No, Changle Lu isn't closing and here's why
Second perhaps only to Cheesegate, Changle Lu had people venting their frustrations last week when a local WeChat account Zhoumo Zuosha got the rumour mill churning that the city government would be closing, and promptly flattening the street of eternal happiness.
Naturally, netizens – laowai and local alike – did not take well to this news. The historic Shanghainese thoroughfare has long been known as the city’s answer to Harajuku, full of edgy boutiques, traditional eateries and the residence of the influential Chinese painter Li Zikai. With all this going on along the popular stretch, it's hard to fathom why the city would want to put its heritage to the wrecking ball.
Thankfully it’s not, nor is ever likely to.

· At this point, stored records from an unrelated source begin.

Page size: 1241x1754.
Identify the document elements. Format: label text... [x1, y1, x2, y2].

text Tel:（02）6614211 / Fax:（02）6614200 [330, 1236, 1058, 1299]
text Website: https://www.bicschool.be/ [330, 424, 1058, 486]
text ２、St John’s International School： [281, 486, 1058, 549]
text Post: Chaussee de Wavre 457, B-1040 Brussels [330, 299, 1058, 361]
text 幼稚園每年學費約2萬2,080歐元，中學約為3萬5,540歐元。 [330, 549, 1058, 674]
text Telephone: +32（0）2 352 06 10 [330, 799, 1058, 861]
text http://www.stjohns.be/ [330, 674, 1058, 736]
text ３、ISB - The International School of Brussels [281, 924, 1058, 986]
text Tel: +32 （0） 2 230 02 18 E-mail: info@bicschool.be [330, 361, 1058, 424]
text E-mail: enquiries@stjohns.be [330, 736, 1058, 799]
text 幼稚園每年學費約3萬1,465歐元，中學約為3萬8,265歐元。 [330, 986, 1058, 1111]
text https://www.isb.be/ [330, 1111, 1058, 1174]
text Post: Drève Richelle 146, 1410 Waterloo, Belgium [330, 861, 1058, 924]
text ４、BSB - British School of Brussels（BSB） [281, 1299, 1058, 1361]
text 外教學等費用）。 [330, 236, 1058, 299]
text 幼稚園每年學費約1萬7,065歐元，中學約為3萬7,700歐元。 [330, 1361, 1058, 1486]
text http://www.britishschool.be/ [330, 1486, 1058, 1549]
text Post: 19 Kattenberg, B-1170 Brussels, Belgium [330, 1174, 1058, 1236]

Changle Lu, along with 63 other historic arteries, are immune to the caution-to-the-wind urban development that has characterised Shanghai’s cityscape. That is because in 2007 these became the Yong Bu Takuan 永不拓宽 or 'Streets that Will Never Be Widened', reports Xinhua News in response to last week's viral WeChat article.

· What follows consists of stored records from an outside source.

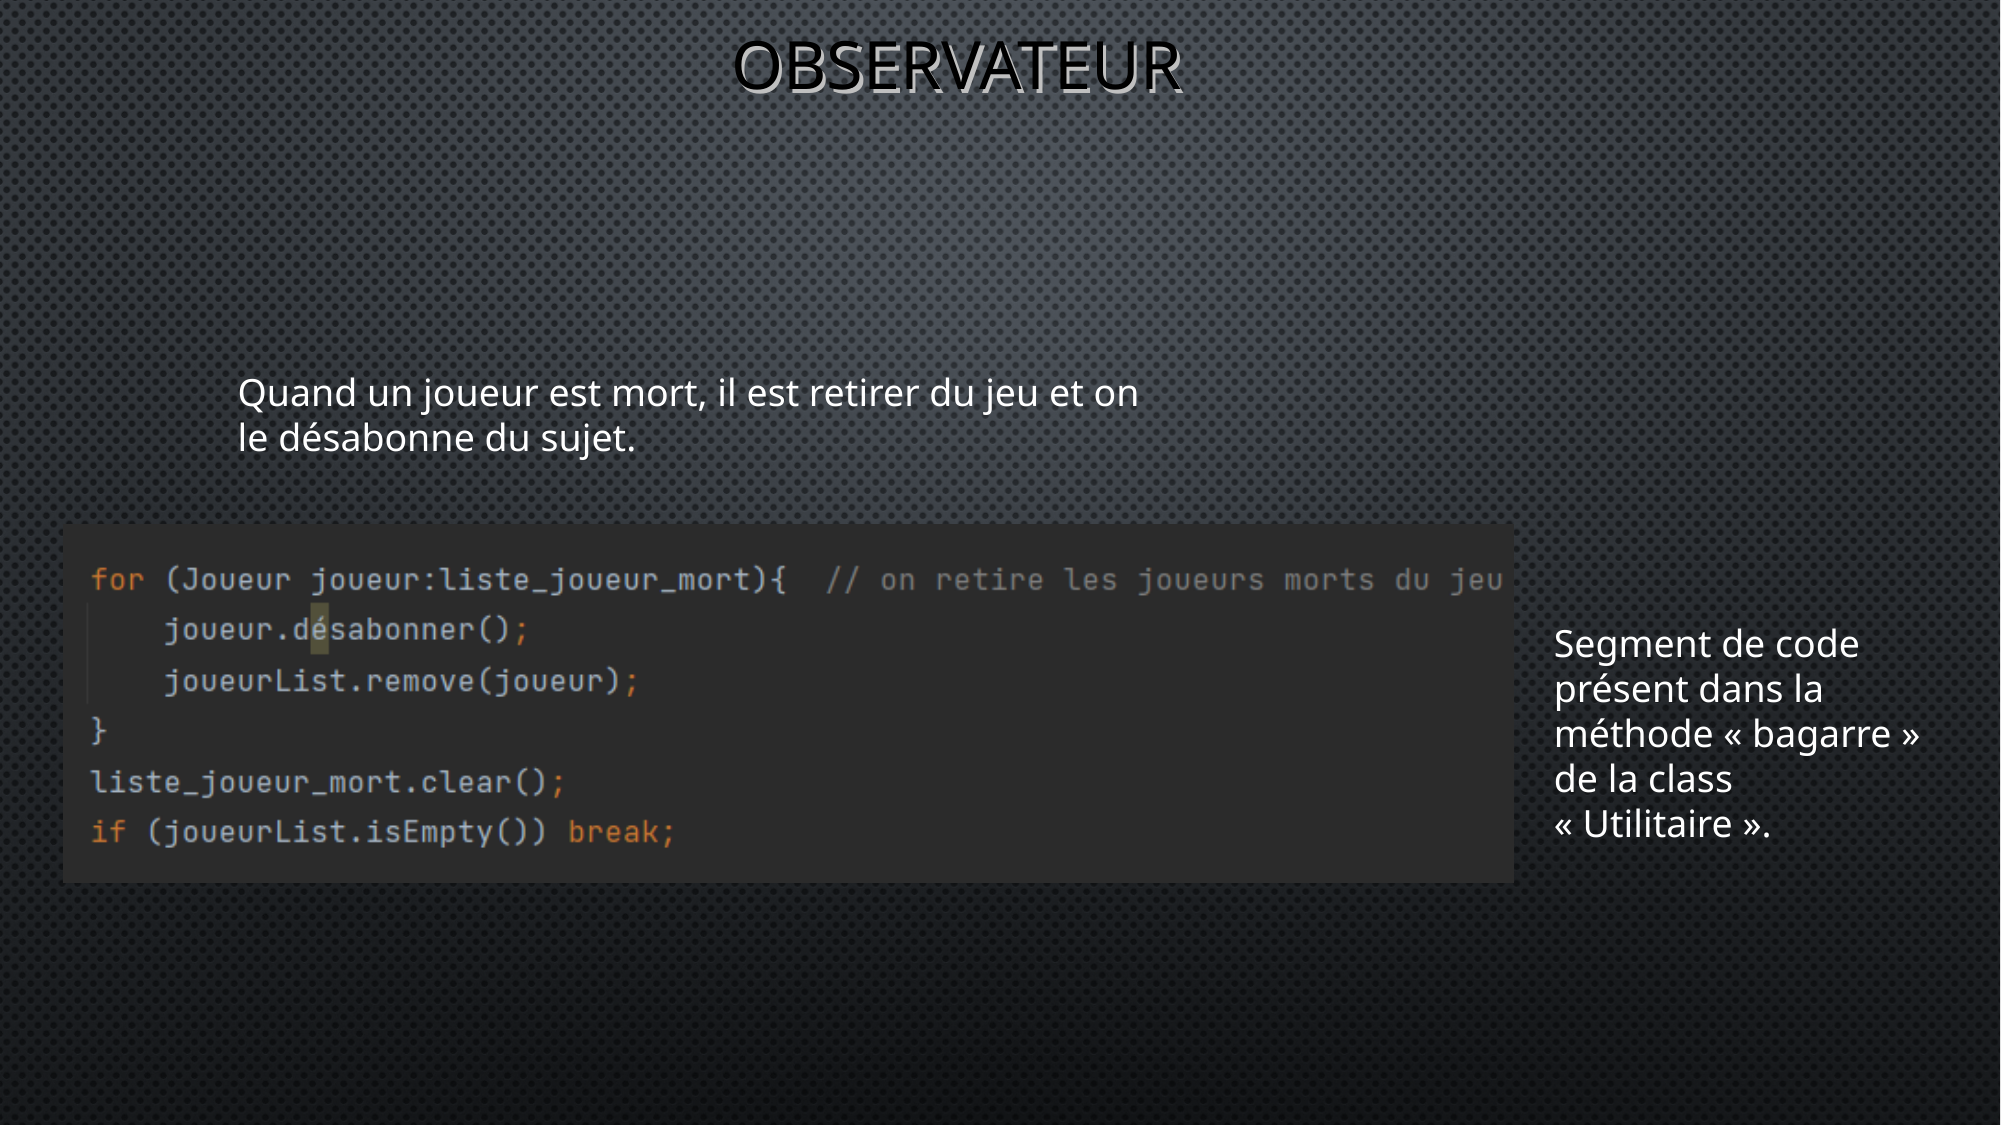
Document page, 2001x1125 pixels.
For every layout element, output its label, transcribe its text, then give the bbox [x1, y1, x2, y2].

title Observateur [273, 15, 1640, 111]
picture [63, 524, 1514, 883]
text_box Segment de code présent dans la méthode « bagarre » de la class « Utilitaire ». [1539, 612, 1966, 855]
text_box Quand un joueur est mort, il est retirer du jeu et on le désabonne du sujet. [222, 361, 1160, 468]
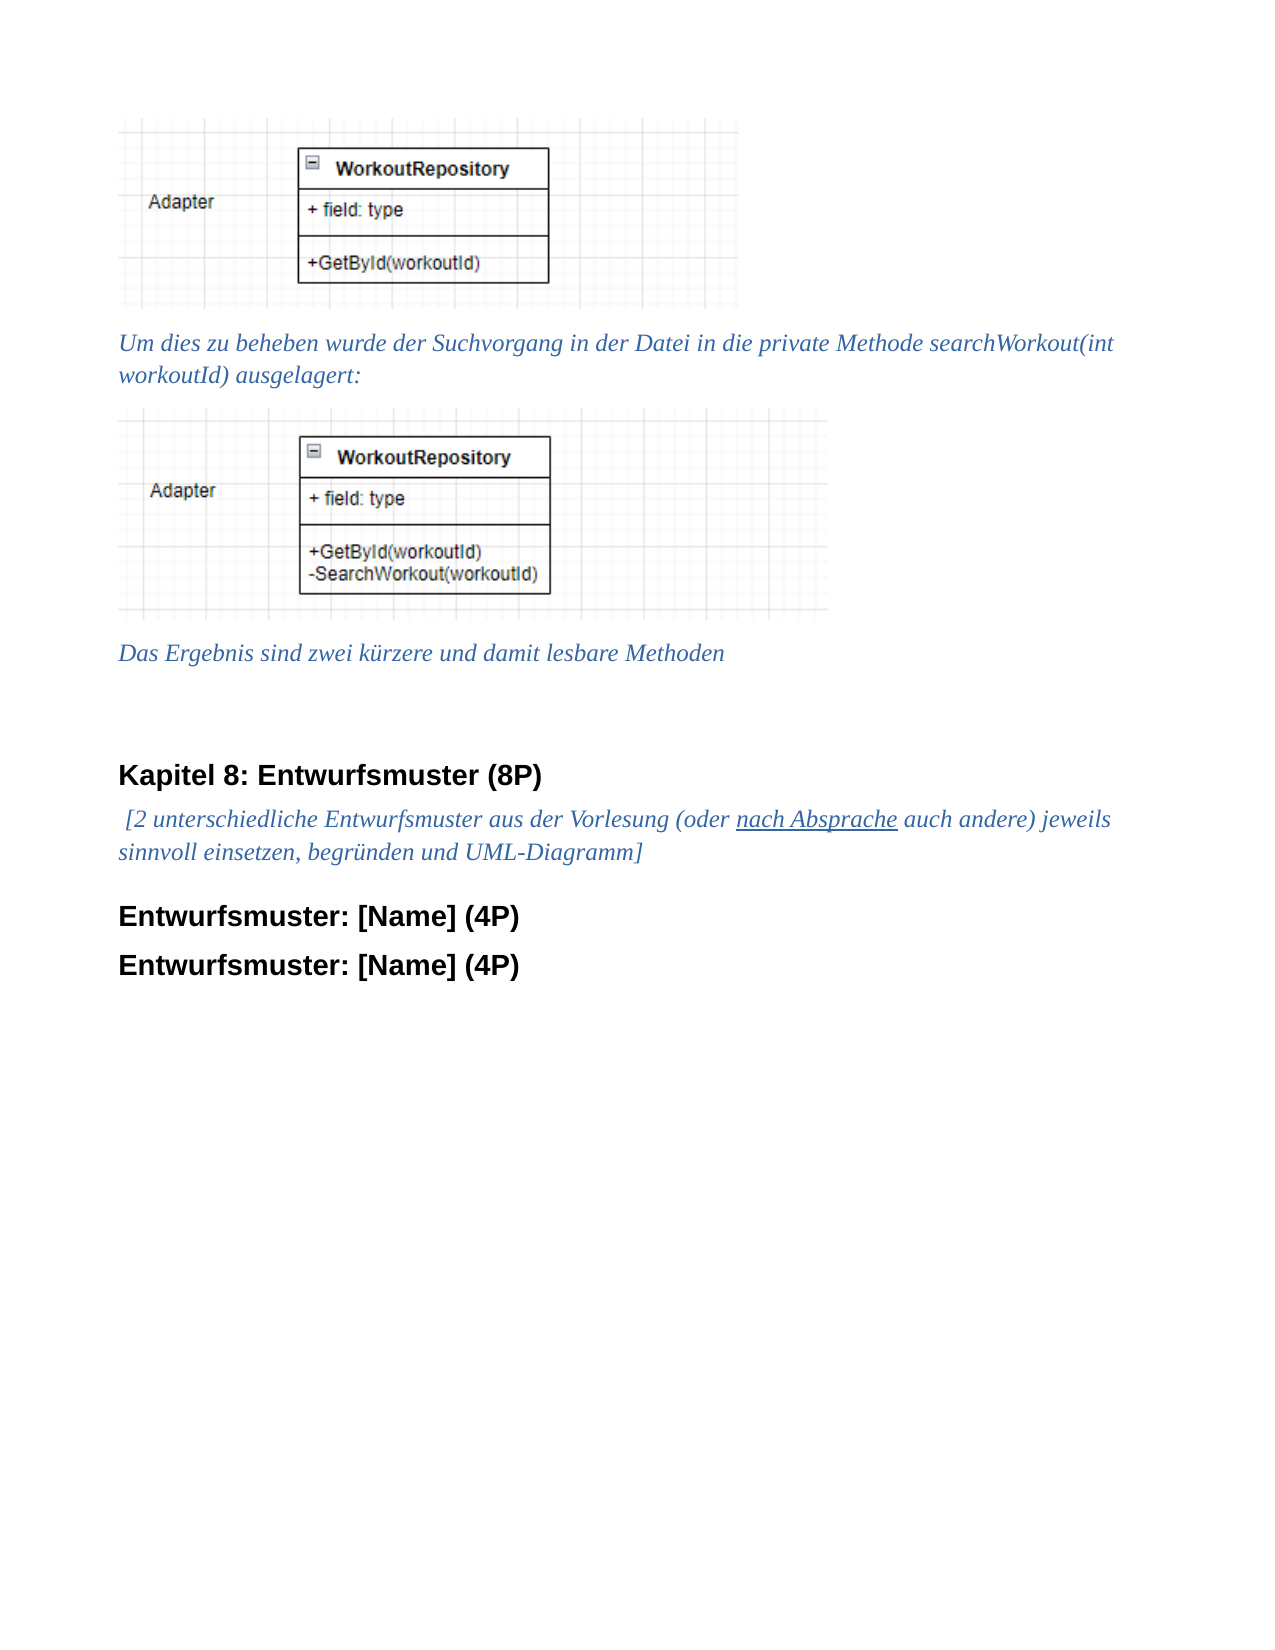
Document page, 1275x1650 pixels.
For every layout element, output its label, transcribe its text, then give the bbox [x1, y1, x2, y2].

This historic initiative – the first of its kind in China – does exactly what it says on the tin, having been put in place to protect the legacy of Shanghai’s unique cosmopolitan past. The ‘Never Wideners’ – built largely between the mid 19th and 20th centuries – are living relics of the city’s history as a treaty port, and a number of architectural styles, both Eastern and Western are represented among the boulevards’ shopfronts and residences.